There is something else going on, as with the same config, most of the times the interface is not available after restart yet.

I'll keep investigating...
Comment 38 Johannes Berg 2023-01-05 16:31:27 UTC
Eh, well, I guess this one kind of fell through the cracks and it's been a year now.

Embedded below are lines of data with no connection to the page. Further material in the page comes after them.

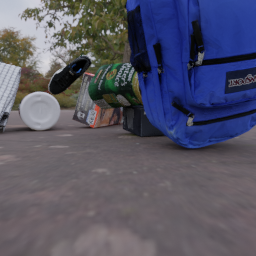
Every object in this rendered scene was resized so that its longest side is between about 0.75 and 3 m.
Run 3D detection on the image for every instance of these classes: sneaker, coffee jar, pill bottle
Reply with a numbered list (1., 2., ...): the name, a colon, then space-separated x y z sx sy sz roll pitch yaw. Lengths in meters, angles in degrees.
1. sneaker: -1.040 -0.920 4.827 0.942 0.344 0.527 -42 15 4
2. coffee jar: 0.092 -0.903 5.772 1.879 0.980 0.802 2 -32 43
3. pill bottle: -2.531 -0.491 7.853 1.001 1.001 1.758 -2 6 -22

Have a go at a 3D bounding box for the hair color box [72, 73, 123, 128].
1. hair color box: -0.641 -0.879 9.089 0.833 1.445 2.605 21 12 19

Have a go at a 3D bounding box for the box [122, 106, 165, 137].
1. box: 0.529 -0.209 6.295 1.035 0.618 1.052 -4 10 -22

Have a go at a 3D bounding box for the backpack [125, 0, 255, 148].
1. backpack: 1.019 -0.865 3.999 1.869 2.300 1.930 -10 20 -7

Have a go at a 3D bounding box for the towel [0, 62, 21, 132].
1. towel: -3.654 -0.844 6.809 1.714 0.886 2.070 14 44 -19

Anyone still seeing these issues?
Comment 39 gustavo 2023-01-05 16:38:59 UTC
working fine under newer kernels :)

El 5/1/23 a las 17:31, bugzilla-daemon@kernel.org escribió:
>
> https://urldefense.com/v3/__https://bugzilla.kernel.org/show_bug.cgi?id=212457__;!!D9dNQwwGXtA!R3kOTPTEmI9iuIZ6du4vIoBS9iQzcy8iSY9_0_8humvtUn-xLrR8MTyx_-Tc3vbdad77bN58Che3V0Hab8fI1UCHnA$
>
> --- Comment #38 from Johannes Berg (johannes@sipsolutions.net) ---
> Eh, well, I guess this one kind of fell through the cracks and it's been a
> year
> now.
>
> Anyone still seeing these issues?
>
Comment 40 Bob Reid 2023-10-18 20:19:00 UTC
(In reply to Johannes Berg from comment #38)
> Eh, well, I guess this one kind of fell through the cracks and it's been a
> year now.
> 
> Anyone still seeing these issues?

Unfortunately, still occurring w kernels 6.2x and 6.5x (various distros tried, currently Fedora 38 Cinnamon), Ryzen 5 3500C on a converted Thinkpad C13 Yoga Chromebook running mrchromebox.tech latest firmware. Many noob apologies if I am in the wrong place, but I am trying to get to the bottom of this error for resolution's sake because I LOVE this hardware.